To help Musharraf understand the magnitude of the problem, the U.S. should share hard intelligence data that shows how far terrorist planning has evolved to build highly explosive dirty radiological bombs for a new wave of attacks. The recent seizure of 750 tons of explosives, enough to create an atomic-sized explosion, on the “Baltic Sky” by Greek authorities is proof positive that al Qaeda’s fleet of tankers and ships around the world are the most likely transport vehicles and detonation chambers for these devices.
And with North Korea threatening to use its Pakistani-assisted nuclear program to sell everything it can produce to any terrorist any day now, the least Pakistan can do for the U.S. is to insure its own nuclear assets don’t fall into the wrong hands.

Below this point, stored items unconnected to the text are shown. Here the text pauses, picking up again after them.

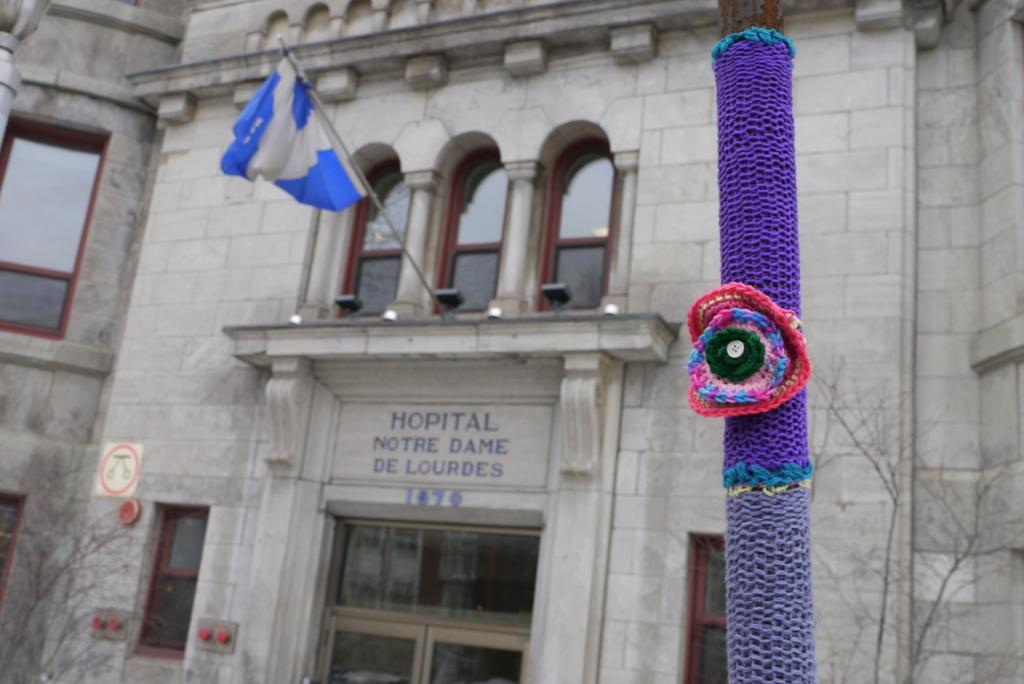What is the main object in the middle of the image? There is a pole in the middle of the image. What can be seen behind the pole? There are plants and a building behind the pole. What features can be observed on the building? The building has windows, a flag, and a sign board. What type of pollution is visible in the image? There is no visible pollution in the image. What order is being followed by the plants in the image? The plants in the image are not following any specific order; they are simply growing behind the pole. 
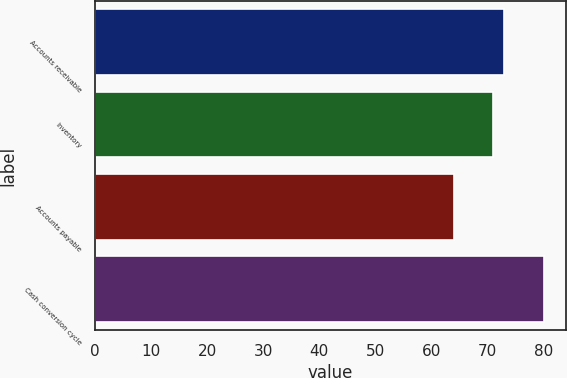Convert chart. <chart><loc_0><loc_0><loc_500><loc_500><bar_chart><fcel>Accounts receivable<fcel>Inventory<fcel>Accounts payable<fcel>Cash conversion cycle<nl><fcel>73<fcel>71<fcel>64<fcel>80<nl></chart> 
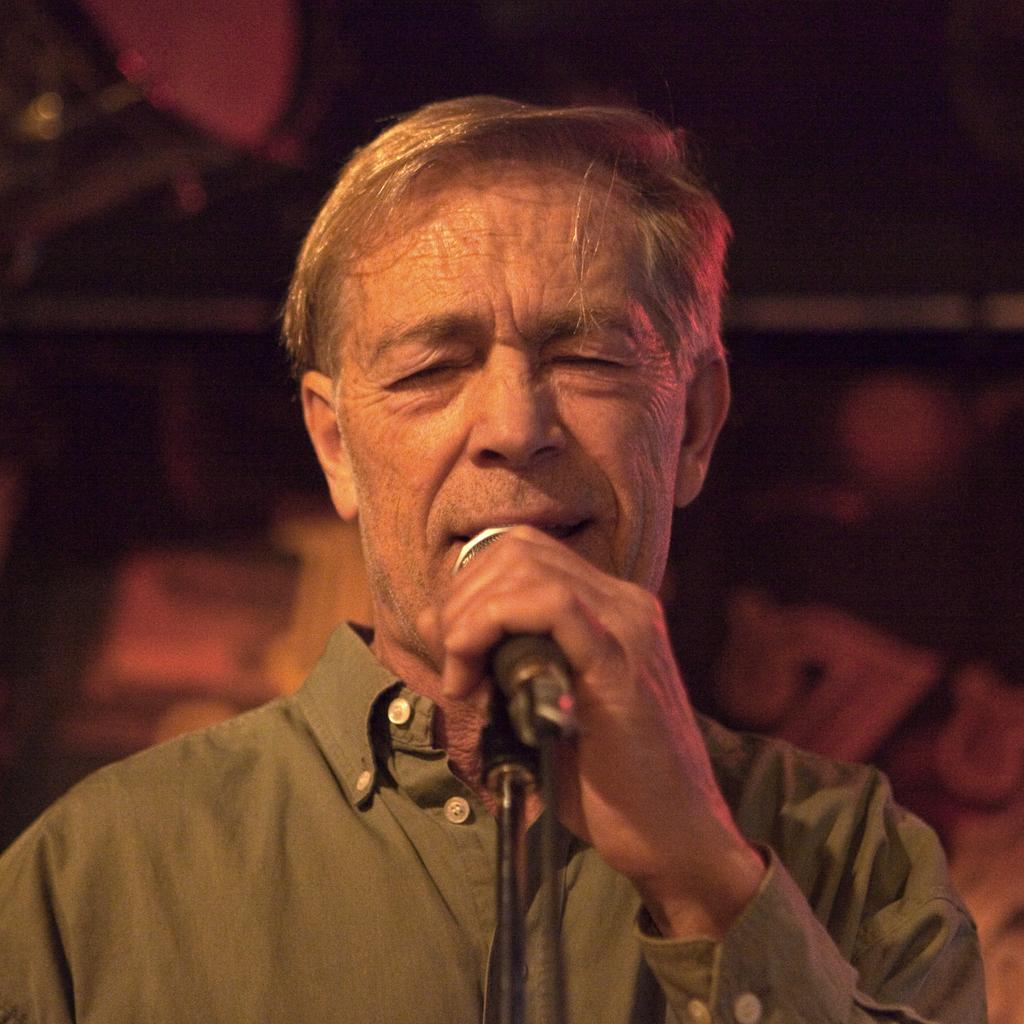Describe this image in one or two sentences. In this picture we can see man holding mic in his hand and singing and in background we can see it as dark. 
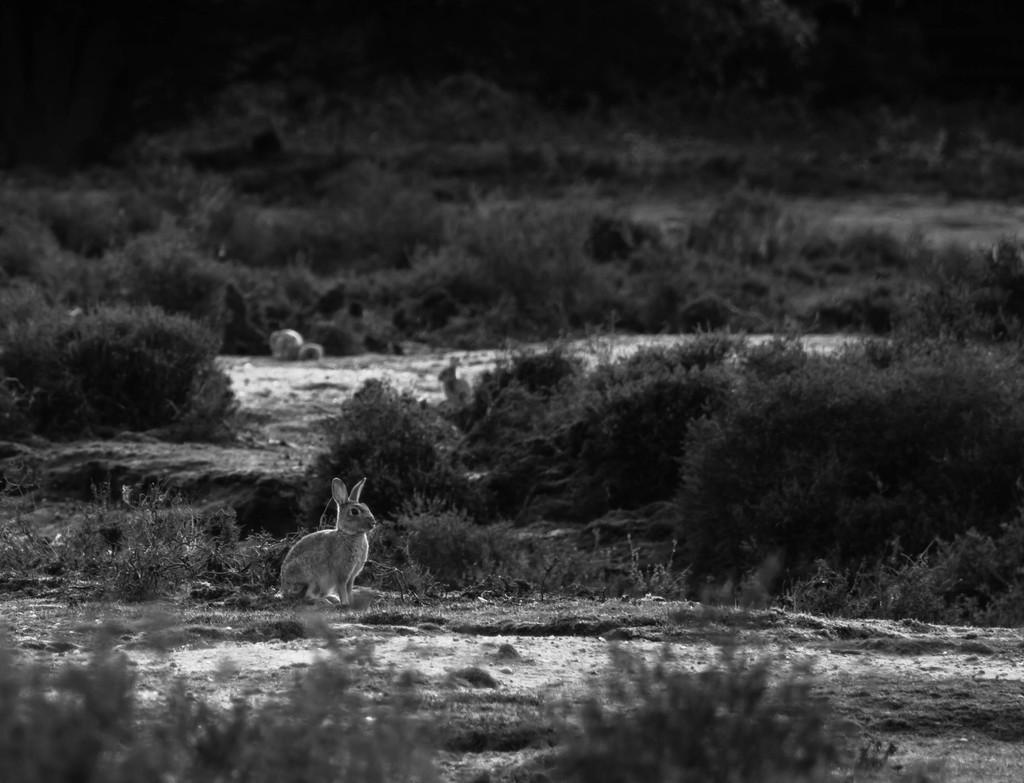How would you summarize this image in a sentence or two? This is the picture of a rabbit which is on the floor and around there are some plants, trees and grass on the floor. 
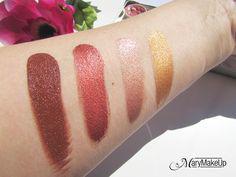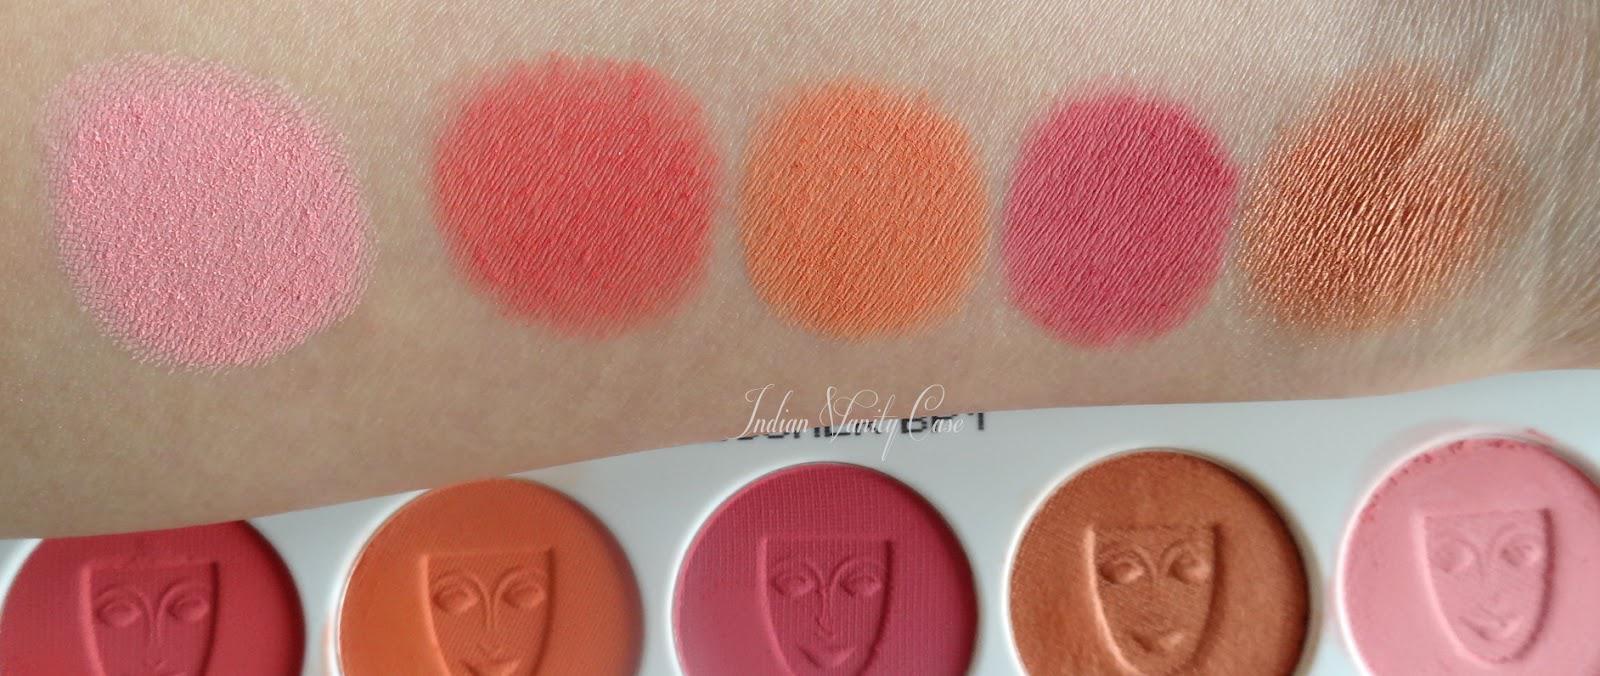The first image is the image on the left, the second image is the image on the right. Analyze the images presented: Is the assertion "Each image shows lipstick stripe marks on pale skin displayed vertically, and each image includes at least five different stripes of color." valid? Answer yes or no. No. The first image is the image on the left, the second image is the image on the right. Considering the images on both sides, is "One arm has 4 swatches on it." valid? Answer yes or no. Yes.

Musharraf comes to Washington in need of clear signs that the U.S. is not going to walk away from Pakistan’s side again. If he can agree to some important steps that address U.S. concerns, every form of assistance should be on the table: Full debt forgiveness; restructured International Monetary Fund and World Bank loans; a textile deal that relieves pressure on Pakistan’s economy; the best F-16s money can buy so Pakistan can reduce its reliance on missiles and nuclear weapons as deterrents to India’s burgeoning conventional-military superiority.
A strong, responsible Pakistan is in America’s best national interest.
— Mansoor Ijaz, a New York financier and NRO contributor, co-authored the blueprint for the July 2000 ceasefire in Kashmir between Muslim militants and Indian security forces.